Does Brachiaria humidicola and dicyandiamide reduce nitrous oxide and ammonia emissions from cattle urine patches in the subtropics?

Nitrous oxide (N₂O) emissions from pasture-based livestock systems represent 34% of Brazil's agricultural greenhouse gas emissions. The forage species Brachiaria humidicola is known for its biological nitrification inhibition (BNI) capacity and N₂O emissions reduction ability from urine patches under tropical conditions. However, there is little information about the effect of BNI on N₂O emission and ammonia (NH₃) volatilisation in the subtropics. This study aimed to: (i) evaluate the potential of Brachiaria humidicola, compared with Panicum maximum (Jacq. cv. Áries; guinea grass), a broadly used grass (with no BNI capacity), to reduce N₂O emissions under subtropical conditions; (ii) determine the efficacy of nitrification inhibitor dicyandiamide (DCD) to decrease N₂O emissions; and (iii) determine the effect of brachiaria and DCD application on NH₃ volatilisation. A field experiment was carried out using a Cambisol, where cattle urine ± DCD was applied to brachiaria and guinea grass. Over the 67-day measurement period, cumulative N₂O emissions were 20% lower from urine patches in the brachiaria treatment (1138 mg N m^-2, Emission factor = 1.06%) compared to guinea grass (1436 mg N m^-2, Emission factor = 1.33%) (P < .10). A greenhouse experiment, using pots with the same treatments as in the field experiment, suggested that this could have been due to lower soil nitrate levels under brachiaria forage compared to guinea grass, indicating that BNI could be a possible mechanism for lower N₂O emissions from brachiaria. The DCD application was effective in both forage species, decreasing N₂O emissions by 40-50% (P < .10) compared with the urine only treatment. Approximately 25% of the urine applied N was lost via NH₃ volatilisation, however the NH₃ loss was not affected by forage species or DCD application (P > .10). Overall, the results demonstrated that brachiaria and DCD use are strategies that can reduce N₂O emissions from urine patches.

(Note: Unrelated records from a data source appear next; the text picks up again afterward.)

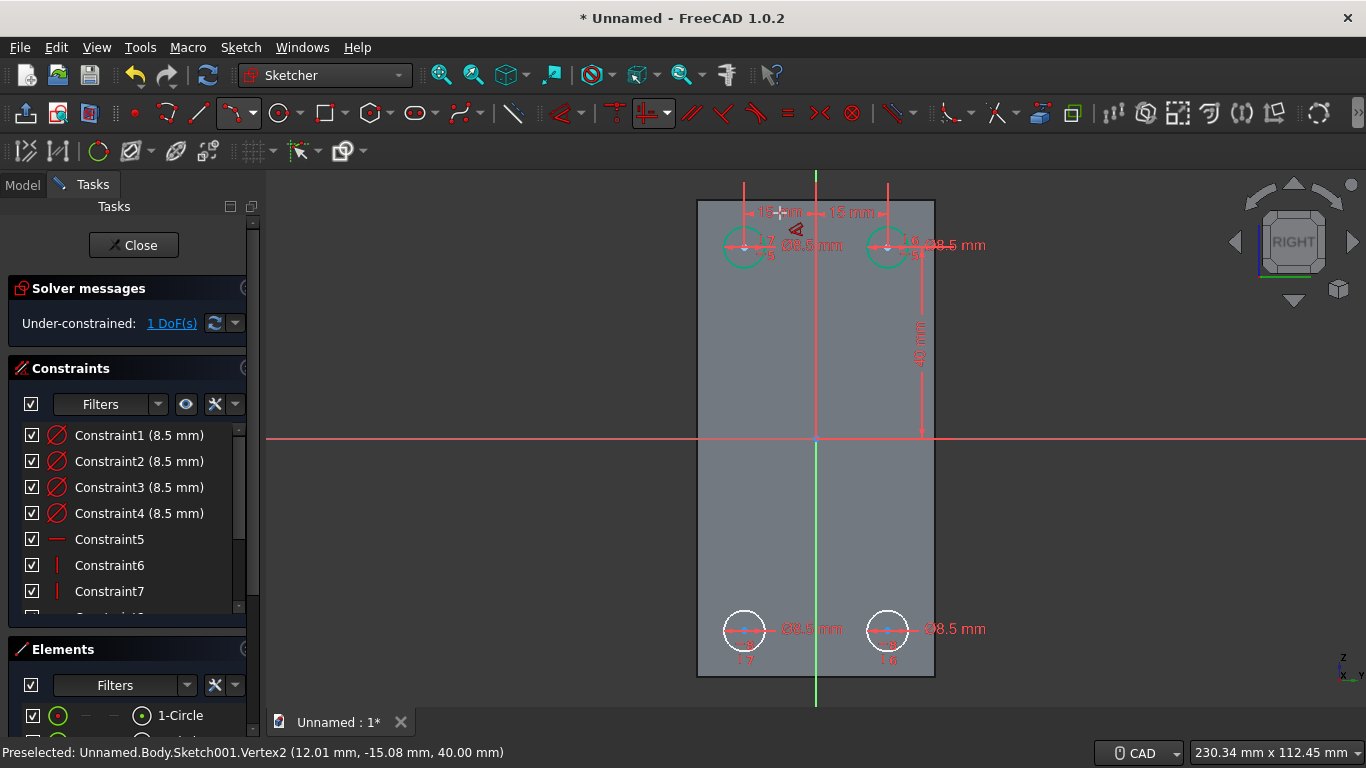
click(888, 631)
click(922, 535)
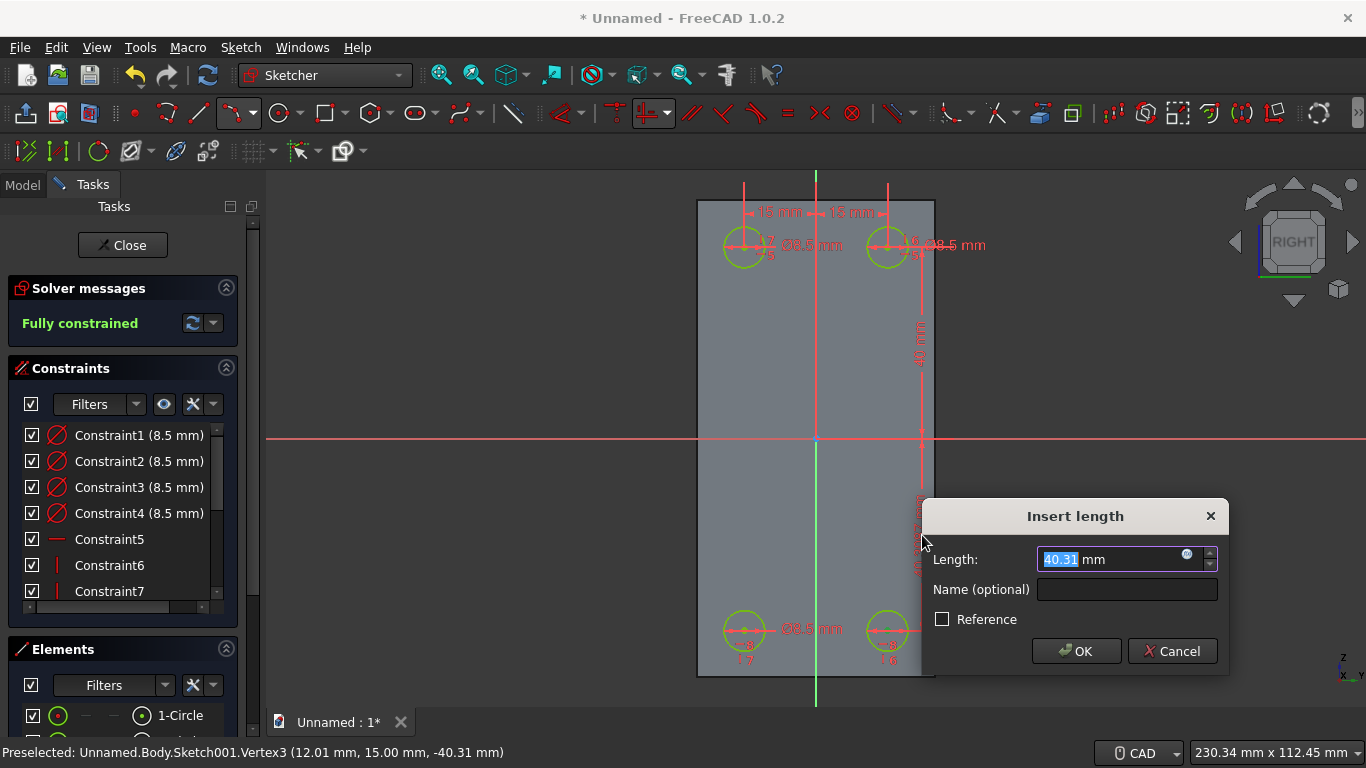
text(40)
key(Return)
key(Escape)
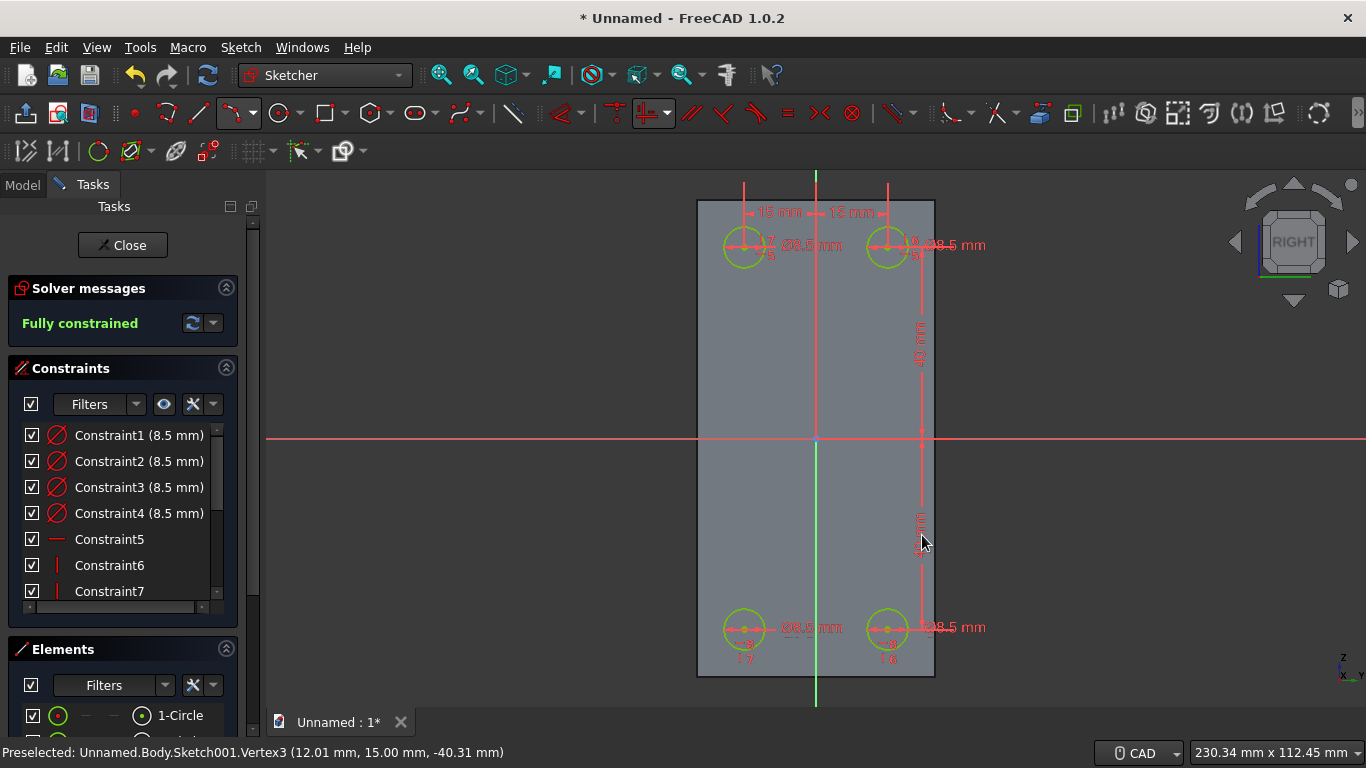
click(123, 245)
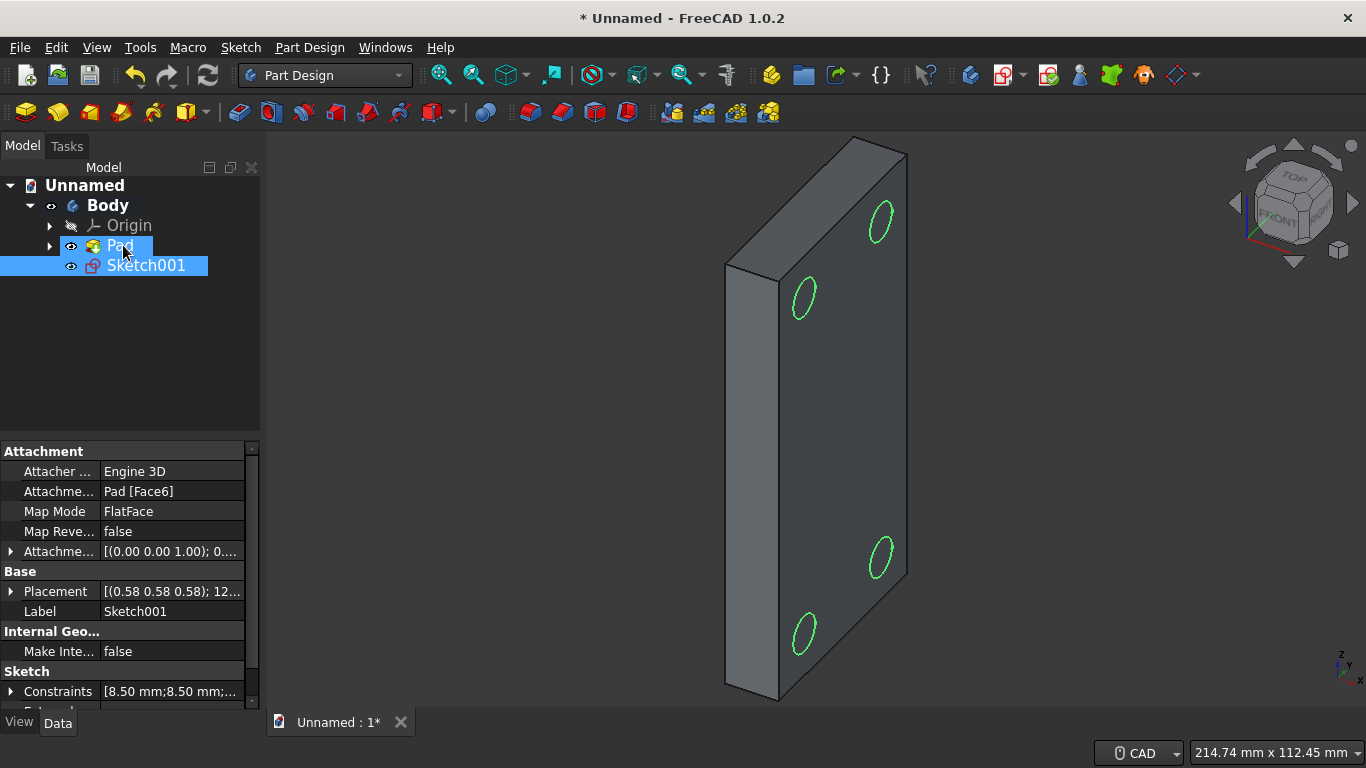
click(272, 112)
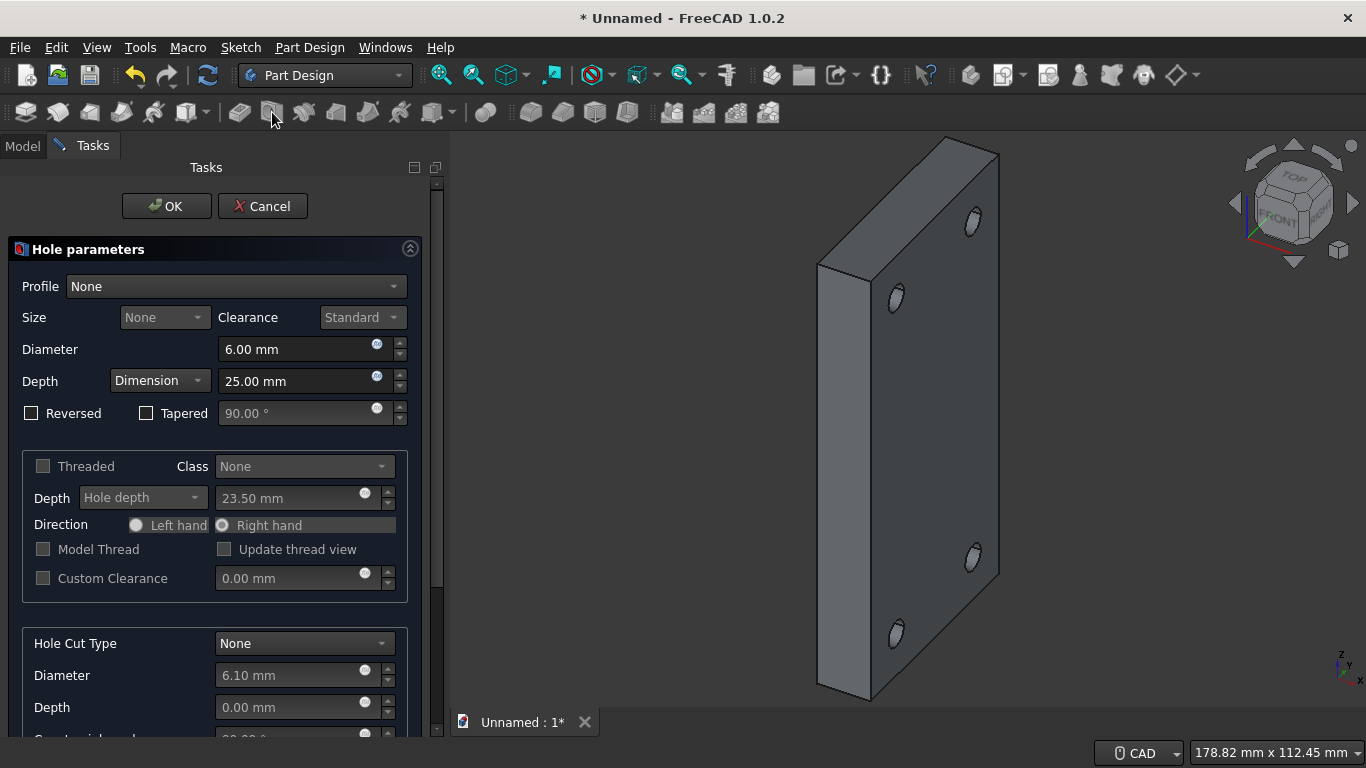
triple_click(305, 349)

How does stage of lactation and breeding worth affect milk solids production and production efficiency of grazing dairy cows?

The study investigated the effect of stage of lactation and Breeding Worth (BW) index on estimated dry matter intake (DMI), milk solids (MS) production, energy use efficiency (EUE) and feed conversion efficiency (FCE) of grazing cows. Two hundred crossbred cows with similar calving date (14 August ± 9.97 days), live weight (471.5 ± 44.02) and age (7.5 ± 1.25 years) were separated into five groups (n = 40) based on New Zealand BW index: Low BW (BW = 63.1); Medium Low BW (BW = 88.2); Medium BW (BW = 19.1); Medium High BW (BW = 128.9); and High BW (BW = 146.9). Milk samples were collected in early, mid and late lactation and herbage samples were taken the day before milk sampling. The DMI was estimated by back-calculation based on metabolizable energy requirement for maintenance and production. The MS production, herbage DMI, EUE and FCE declined from early to late lactation. The overall results suggest regardless of the stage of lactation, cows with higher BW had a higher DMI, MS production and FCE.